Only true spiritual societies have been able to develop science .... it is inherent in a utilitarian society that it is unsympathetic to true spiritual values.... A nation which has no great philosophers will never have any great scientists. Heidegger says that the philosopher is a man who is always capable of wonder. This also characterizes the scientist. The utilitarian man is not capable of wonder. Hence, it is doubtful whether he can develop science
(Mohammad Hussein Saffouri in "Islamic Cultural Identity And Scientific-Technological Development", Klaus Gottstein (ed.), (Baden-Baden, Nomos, 1986) pg 92.


In India, when the British sought to introduce "European Science", and a system of modern management and accounting into the schools of the sub-continent. The two major communities, the Hindus and the Muslims, reacted differently to this decision. The Hindus welcomed it enthusiastically, and pressed the British to give more opportunities for secular education and establish more colleges and schools.  The Muslims, on the other hand, looked upon the British decision with suspicion and resentment. In part this was because the British had forcibly put an end to centuries of Muslim rule in India. Hence, "European Science" was seen as a ruse of the enemy for subverting the Islamic religion and culture. A combination of hurt, pride, defiance, and conservatism led the Muslims to reject modern learning. The ulema were particularly hostile and, after Macaulay's decision of 1835 to introduce modern education throughout India, a petition was signed by 8000 ulema in Calcutta asking the government to exempt Muslims.( Maulana Hali, "Hayat-e-Javed", Lahore, 1957) pg 447.)

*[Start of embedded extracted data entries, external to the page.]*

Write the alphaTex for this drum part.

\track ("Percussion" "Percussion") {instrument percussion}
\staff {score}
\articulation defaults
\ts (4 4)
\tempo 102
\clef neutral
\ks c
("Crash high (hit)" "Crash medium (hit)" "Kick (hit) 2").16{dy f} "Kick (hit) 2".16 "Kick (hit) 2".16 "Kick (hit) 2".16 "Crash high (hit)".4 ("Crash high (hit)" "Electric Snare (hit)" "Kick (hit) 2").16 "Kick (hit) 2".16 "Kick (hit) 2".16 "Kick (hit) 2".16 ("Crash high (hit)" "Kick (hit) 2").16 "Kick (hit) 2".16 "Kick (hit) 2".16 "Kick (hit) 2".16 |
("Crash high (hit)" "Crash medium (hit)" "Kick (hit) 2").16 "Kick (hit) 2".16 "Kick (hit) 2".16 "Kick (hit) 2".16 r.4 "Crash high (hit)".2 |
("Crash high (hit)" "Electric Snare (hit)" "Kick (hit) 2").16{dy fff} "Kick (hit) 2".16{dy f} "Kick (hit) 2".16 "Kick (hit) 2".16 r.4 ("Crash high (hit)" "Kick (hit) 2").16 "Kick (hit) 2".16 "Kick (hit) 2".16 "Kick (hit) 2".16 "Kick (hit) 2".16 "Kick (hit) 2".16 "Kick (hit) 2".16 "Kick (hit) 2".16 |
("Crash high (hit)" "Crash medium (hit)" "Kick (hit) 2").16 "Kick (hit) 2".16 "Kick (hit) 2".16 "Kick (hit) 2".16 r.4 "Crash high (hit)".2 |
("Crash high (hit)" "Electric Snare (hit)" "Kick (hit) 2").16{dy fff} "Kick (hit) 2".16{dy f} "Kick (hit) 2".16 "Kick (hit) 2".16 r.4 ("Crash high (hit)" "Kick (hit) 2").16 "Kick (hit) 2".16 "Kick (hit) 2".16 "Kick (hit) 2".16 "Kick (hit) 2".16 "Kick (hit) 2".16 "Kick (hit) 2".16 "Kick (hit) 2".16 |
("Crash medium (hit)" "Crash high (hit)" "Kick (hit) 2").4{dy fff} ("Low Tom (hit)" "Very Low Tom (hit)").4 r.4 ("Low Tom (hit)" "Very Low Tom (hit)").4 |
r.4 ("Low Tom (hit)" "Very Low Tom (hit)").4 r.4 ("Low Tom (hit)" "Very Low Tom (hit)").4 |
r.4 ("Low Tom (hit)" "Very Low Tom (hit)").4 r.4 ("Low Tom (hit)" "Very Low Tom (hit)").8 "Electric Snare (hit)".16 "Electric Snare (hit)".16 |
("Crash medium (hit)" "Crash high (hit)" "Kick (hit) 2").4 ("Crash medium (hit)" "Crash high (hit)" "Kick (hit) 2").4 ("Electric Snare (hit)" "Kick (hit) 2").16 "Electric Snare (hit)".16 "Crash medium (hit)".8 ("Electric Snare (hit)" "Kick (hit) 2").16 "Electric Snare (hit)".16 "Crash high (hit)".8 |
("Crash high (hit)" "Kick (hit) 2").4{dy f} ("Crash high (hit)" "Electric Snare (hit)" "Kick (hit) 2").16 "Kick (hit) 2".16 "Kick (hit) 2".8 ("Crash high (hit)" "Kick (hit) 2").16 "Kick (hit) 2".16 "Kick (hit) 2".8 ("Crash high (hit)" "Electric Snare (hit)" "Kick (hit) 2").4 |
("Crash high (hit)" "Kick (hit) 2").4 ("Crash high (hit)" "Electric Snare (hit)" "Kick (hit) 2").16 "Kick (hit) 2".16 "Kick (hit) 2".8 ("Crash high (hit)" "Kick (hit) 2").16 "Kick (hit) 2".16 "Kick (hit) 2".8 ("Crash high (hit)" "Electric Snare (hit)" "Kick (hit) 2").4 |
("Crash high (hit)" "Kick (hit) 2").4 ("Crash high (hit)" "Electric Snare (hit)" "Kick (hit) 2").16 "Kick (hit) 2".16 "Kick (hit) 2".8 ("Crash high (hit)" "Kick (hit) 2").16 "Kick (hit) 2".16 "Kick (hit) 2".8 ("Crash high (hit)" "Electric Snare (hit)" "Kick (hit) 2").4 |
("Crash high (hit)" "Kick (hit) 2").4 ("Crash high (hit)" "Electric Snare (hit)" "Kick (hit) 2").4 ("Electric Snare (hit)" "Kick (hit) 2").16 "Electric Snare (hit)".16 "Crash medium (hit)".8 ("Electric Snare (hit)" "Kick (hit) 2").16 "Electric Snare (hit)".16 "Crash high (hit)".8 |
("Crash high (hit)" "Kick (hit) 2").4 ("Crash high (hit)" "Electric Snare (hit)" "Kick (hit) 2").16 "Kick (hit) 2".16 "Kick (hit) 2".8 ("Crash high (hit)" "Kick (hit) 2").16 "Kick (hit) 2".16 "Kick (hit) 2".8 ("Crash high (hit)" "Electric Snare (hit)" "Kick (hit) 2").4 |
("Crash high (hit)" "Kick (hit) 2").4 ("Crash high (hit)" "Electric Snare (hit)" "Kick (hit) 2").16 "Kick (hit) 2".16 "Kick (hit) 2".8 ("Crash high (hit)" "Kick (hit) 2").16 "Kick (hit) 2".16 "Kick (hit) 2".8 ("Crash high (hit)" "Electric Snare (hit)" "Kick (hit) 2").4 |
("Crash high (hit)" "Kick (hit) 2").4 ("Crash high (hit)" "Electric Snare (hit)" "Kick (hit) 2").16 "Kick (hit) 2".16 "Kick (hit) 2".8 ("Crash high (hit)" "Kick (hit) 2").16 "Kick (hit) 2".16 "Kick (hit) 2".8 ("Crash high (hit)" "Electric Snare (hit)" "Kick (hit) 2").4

Rather than encouraging independent thought, the Muslim rulers and authorities were so tied up with tradition that they did not want to see even new forms of shoes being made. It is perhaps indicative of the extent of control that in 1807 strict orders were issued to the cobblers of Istanbul not to make boots, shoes, and slippers with pointed toes as these were contrary to ancient tradition [H.A.R Gibb and H. Bowen, "Islamic Society And The West", (London, 1950) v.1 pg 283.]

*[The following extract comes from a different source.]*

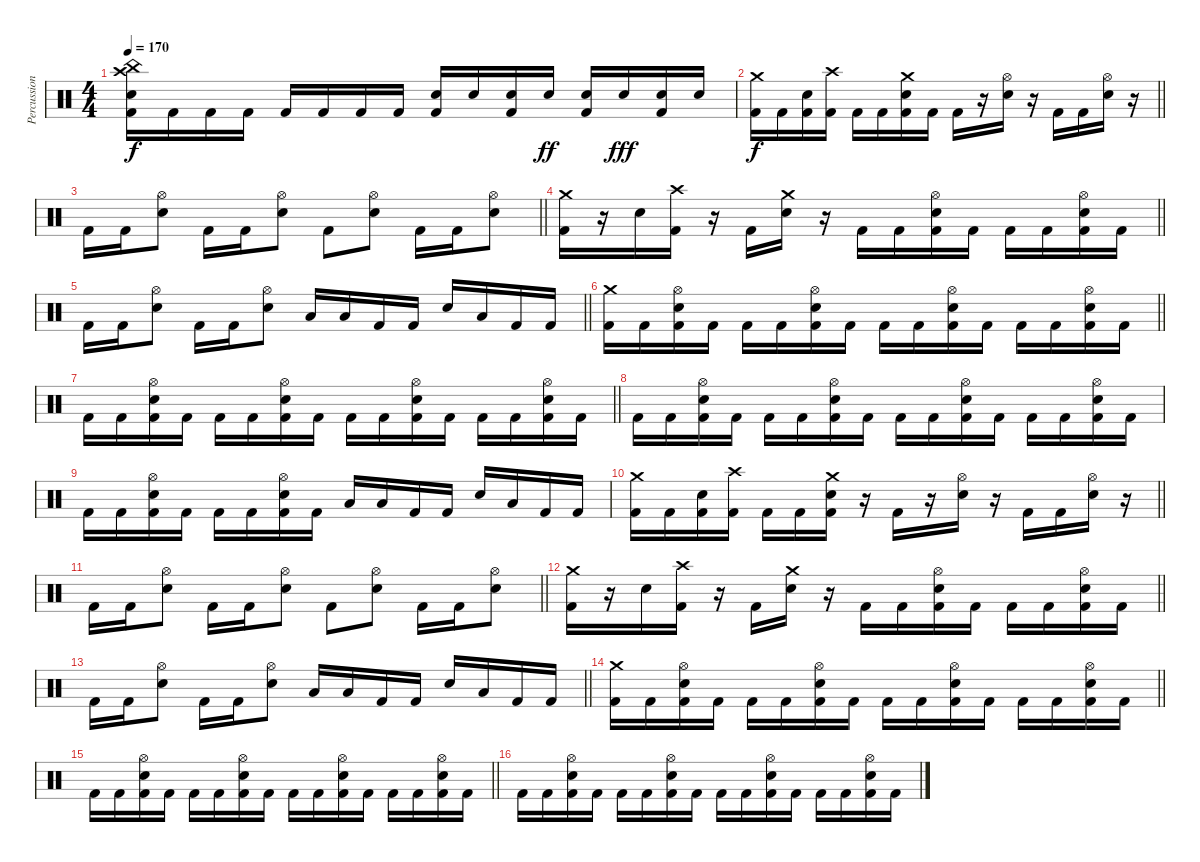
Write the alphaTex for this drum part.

The ulemas told the people that instead of questioning authority, they must submit to it, even if it is evil. This is so well articulated by Al-Ghazali:


An evil-doing and barbarous sultan, so long as he is supported by military force, so that he can only with difficulty be deposed and that attempt to depose him would cause unendurable strife, must of necessity be left in possession and obedience must be rendered to him, exactly as obedience must be rendered to emirs Government in these days is a consequence solely of military power, and whoever he may be to whom the holder of military power gives his allegiance, that person is the caliph
[AI-Ghazalli in Ihya II, 124 (Cairn, 1352), quoted in "Studies On The Civilization Of Islam", by Hamilton Gibb (Princeton, 1962), pp 142-143.]


These are just a few examples and you will see that they demonstrate that the attitude in the Muslim ummah, starting late 9th century, were that they must submit to tradition and reject new ideas. There is no doubt in my mind that the seeds of the downfall of Muslim intellect were sown by this attitude.